[Entries taken from a collection]

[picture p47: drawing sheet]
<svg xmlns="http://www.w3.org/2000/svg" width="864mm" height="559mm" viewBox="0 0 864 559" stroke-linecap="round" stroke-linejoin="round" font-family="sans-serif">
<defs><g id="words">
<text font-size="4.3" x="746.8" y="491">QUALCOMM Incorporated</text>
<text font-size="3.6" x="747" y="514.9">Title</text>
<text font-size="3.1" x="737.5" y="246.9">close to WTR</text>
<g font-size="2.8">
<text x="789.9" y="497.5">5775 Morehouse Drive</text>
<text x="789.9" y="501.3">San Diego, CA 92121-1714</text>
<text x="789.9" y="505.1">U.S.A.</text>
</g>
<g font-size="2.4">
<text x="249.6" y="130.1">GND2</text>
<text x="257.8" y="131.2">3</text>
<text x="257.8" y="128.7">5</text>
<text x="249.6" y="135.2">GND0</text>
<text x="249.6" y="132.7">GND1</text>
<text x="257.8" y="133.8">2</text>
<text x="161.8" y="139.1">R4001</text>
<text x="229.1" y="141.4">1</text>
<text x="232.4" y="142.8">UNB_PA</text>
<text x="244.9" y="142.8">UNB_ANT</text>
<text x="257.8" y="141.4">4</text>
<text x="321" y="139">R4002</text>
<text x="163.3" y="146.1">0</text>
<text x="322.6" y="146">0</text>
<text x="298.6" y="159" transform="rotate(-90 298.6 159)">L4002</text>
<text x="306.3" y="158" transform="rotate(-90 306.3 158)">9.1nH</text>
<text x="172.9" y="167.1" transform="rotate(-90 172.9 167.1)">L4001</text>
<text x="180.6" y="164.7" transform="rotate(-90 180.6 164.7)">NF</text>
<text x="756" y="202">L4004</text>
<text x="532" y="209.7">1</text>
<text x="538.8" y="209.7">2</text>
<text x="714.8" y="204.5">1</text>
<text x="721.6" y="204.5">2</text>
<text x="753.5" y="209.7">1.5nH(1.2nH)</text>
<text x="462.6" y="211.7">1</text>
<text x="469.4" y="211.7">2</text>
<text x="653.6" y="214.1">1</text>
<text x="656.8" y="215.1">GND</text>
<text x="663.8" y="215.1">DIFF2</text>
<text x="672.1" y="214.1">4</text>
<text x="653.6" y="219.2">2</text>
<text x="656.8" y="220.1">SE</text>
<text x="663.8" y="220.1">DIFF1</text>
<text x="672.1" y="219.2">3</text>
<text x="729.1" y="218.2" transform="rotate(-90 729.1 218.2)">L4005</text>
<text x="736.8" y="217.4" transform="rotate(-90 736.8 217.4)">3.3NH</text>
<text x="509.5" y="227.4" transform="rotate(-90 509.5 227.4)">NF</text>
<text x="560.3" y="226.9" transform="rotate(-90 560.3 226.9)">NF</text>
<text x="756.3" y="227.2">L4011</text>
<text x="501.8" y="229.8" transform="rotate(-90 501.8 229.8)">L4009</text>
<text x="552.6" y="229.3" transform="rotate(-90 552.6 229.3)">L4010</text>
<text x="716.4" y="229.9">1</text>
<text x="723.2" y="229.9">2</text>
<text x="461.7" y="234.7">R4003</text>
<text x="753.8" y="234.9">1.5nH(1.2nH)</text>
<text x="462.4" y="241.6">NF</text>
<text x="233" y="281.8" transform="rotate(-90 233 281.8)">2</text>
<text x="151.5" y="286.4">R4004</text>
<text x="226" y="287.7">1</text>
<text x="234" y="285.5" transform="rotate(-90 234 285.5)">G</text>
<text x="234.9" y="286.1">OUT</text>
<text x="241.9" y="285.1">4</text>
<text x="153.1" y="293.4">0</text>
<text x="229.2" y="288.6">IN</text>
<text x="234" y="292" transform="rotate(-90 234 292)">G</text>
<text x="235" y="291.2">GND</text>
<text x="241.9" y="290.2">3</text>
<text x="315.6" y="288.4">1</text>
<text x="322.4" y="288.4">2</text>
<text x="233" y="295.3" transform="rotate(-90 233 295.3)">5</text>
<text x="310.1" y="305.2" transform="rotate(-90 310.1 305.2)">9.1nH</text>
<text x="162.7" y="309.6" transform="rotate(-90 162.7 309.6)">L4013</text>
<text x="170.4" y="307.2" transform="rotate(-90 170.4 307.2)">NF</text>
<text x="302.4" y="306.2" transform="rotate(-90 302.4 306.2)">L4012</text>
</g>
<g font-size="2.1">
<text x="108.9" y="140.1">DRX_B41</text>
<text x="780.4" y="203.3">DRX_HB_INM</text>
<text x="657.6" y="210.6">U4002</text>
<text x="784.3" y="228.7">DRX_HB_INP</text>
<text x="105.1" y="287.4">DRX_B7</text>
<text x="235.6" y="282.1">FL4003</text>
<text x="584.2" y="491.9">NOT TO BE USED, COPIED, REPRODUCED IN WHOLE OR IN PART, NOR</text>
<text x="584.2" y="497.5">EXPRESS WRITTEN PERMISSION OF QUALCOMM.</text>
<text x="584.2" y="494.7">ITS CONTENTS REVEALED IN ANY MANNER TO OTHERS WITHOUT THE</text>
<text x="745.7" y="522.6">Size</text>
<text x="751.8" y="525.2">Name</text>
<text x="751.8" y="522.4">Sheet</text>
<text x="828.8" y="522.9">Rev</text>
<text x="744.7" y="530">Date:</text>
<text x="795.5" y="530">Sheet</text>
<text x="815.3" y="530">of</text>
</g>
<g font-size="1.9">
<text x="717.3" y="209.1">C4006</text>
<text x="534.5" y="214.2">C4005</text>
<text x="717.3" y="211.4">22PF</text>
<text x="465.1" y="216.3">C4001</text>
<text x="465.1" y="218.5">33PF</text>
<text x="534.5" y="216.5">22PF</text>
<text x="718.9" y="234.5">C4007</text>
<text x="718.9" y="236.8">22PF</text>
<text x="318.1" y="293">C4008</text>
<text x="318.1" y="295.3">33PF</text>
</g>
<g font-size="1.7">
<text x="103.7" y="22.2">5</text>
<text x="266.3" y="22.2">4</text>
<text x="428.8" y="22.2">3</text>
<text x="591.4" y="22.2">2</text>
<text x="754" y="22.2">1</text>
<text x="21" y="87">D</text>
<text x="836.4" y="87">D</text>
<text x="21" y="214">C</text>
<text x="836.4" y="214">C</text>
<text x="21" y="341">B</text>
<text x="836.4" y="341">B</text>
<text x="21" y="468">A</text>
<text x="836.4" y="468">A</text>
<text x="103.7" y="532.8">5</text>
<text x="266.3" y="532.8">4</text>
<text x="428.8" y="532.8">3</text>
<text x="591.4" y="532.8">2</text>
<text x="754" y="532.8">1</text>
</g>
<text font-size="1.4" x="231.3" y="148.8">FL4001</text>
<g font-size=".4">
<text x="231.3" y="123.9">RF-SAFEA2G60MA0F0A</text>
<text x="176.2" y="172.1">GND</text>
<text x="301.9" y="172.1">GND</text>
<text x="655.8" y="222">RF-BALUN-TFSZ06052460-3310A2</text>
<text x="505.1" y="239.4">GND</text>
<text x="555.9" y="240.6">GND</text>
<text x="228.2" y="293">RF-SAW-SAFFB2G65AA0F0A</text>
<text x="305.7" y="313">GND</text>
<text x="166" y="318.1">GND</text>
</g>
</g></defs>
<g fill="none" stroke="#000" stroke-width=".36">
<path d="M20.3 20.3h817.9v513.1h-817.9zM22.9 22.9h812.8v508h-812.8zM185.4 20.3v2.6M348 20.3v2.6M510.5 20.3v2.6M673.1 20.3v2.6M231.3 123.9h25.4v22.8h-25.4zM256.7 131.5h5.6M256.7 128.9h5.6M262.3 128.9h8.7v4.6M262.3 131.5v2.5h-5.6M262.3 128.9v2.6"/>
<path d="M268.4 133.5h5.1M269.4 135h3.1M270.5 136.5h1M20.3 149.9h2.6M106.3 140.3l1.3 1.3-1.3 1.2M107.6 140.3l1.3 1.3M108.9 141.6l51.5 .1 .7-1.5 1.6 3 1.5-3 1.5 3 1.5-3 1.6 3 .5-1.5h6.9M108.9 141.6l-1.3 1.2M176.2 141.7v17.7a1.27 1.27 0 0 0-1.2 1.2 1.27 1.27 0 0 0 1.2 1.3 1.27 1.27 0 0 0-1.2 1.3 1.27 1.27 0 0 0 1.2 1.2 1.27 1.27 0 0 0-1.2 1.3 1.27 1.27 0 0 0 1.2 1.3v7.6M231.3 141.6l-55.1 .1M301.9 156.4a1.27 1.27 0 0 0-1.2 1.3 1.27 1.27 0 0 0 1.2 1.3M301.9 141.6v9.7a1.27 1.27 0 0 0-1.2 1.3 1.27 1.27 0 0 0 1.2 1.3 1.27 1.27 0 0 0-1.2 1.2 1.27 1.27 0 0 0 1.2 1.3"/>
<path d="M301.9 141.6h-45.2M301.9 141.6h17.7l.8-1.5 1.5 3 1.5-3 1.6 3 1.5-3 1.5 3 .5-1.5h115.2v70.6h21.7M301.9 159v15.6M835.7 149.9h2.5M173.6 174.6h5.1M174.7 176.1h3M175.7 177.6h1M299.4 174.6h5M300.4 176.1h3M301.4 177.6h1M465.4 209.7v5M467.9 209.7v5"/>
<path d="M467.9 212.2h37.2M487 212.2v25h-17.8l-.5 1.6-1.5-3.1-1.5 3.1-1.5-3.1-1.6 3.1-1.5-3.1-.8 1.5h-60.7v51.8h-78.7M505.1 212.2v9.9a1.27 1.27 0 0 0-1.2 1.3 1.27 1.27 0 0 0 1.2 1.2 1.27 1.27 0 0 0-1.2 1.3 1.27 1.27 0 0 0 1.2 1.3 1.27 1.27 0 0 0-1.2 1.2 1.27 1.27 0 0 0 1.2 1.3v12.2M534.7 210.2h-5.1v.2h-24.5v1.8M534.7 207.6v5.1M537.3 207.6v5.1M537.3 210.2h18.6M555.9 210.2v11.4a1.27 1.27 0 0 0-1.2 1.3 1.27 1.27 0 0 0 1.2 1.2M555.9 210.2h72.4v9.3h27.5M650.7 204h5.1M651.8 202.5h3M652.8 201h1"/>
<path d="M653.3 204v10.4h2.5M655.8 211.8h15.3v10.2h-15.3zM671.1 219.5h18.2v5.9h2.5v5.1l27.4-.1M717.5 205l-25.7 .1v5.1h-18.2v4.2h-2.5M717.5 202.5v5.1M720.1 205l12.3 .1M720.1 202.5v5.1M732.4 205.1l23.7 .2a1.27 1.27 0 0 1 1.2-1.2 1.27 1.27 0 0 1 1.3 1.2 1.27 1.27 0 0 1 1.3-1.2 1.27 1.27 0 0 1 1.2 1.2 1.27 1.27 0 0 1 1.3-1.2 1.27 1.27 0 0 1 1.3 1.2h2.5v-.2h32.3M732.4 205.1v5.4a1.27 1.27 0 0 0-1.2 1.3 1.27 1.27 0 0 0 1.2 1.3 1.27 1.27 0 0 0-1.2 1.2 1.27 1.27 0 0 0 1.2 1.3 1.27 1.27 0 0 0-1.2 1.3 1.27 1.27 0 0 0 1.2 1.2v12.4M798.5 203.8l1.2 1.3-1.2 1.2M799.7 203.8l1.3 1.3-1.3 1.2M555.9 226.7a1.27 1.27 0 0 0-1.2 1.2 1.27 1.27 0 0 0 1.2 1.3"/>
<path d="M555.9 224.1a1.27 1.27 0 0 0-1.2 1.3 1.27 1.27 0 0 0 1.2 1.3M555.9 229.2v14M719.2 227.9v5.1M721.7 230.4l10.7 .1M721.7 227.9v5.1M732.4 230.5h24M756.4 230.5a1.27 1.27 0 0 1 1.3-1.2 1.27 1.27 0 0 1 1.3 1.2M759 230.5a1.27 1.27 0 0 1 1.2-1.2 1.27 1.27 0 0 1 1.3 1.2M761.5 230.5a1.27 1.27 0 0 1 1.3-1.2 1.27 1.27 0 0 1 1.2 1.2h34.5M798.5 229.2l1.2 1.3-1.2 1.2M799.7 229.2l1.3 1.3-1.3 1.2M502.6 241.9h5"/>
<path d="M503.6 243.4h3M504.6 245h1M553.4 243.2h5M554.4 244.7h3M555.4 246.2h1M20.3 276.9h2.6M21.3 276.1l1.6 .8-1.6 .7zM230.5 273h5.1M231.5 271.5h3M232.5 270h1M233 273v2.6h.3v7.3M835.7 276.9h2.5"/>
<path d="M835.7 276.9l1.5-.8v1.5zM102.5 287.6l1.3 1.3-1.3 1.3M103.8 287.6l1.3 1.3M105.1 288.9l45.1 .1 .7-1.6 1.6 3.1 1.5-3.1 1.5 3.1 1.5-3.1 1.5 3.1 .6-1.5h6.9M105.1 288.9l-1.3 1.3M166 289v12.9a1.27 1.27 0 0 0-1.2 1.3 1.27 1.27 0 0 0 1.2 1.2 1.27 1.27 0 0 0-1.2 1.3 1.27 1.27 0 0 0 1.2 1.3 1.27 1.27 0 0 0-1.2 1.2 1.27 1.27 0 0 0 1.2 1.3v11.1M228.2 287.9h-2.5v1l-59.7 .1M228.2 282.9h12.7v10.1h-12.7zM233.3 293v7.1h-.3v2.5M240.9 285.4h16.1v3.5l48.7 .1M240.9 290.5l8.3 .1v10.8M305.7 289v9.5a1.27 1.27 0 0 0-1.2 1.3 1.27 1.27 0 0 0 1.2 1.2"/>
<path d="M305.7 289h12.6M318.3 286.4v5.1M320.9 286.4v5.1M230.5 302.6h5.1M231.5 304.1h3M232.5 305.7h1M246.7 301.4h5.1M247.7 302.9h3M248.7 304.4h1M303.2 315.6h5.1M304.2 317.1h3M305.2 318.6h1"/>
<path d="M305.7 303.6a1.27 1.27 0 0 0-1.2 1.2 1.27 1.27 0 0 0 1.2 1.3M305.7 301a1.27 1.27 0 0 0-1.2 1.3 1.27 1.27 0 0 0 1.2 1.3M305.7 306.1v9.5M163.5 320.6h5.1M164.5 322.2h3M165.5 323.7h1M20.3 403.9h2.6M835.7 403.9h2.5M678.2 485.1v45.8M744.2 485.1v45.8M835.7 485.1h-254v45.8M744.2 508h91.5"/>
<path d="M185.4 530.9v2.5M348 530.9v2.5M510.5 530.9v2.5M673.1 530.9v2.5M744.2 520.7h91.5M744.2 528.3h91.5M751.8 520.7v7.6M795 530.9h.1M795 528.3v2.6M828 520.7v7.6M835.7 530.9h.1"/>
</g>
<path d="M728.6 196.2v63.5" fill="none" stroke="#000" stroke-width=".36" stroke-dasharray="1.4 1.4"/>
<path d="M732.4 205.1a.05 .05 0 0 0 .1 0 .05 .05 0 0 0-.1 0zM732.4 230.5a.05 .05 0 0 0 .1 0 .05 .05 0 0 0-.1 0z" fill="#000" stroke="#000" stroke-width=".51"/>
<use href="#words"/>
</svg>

### WHAT IS NEEDED
Report, for the data above, every line in which the string "QUALCOMM" appears.

### OUTPUT BELOW
<text font-size="4.3" x="746.8" y="491">QUALCOMM Incorporated</text>
<text x="584.2" y="497.5">EXPRESS WRITTEN PERMISSION OF QUALCOMM.</text>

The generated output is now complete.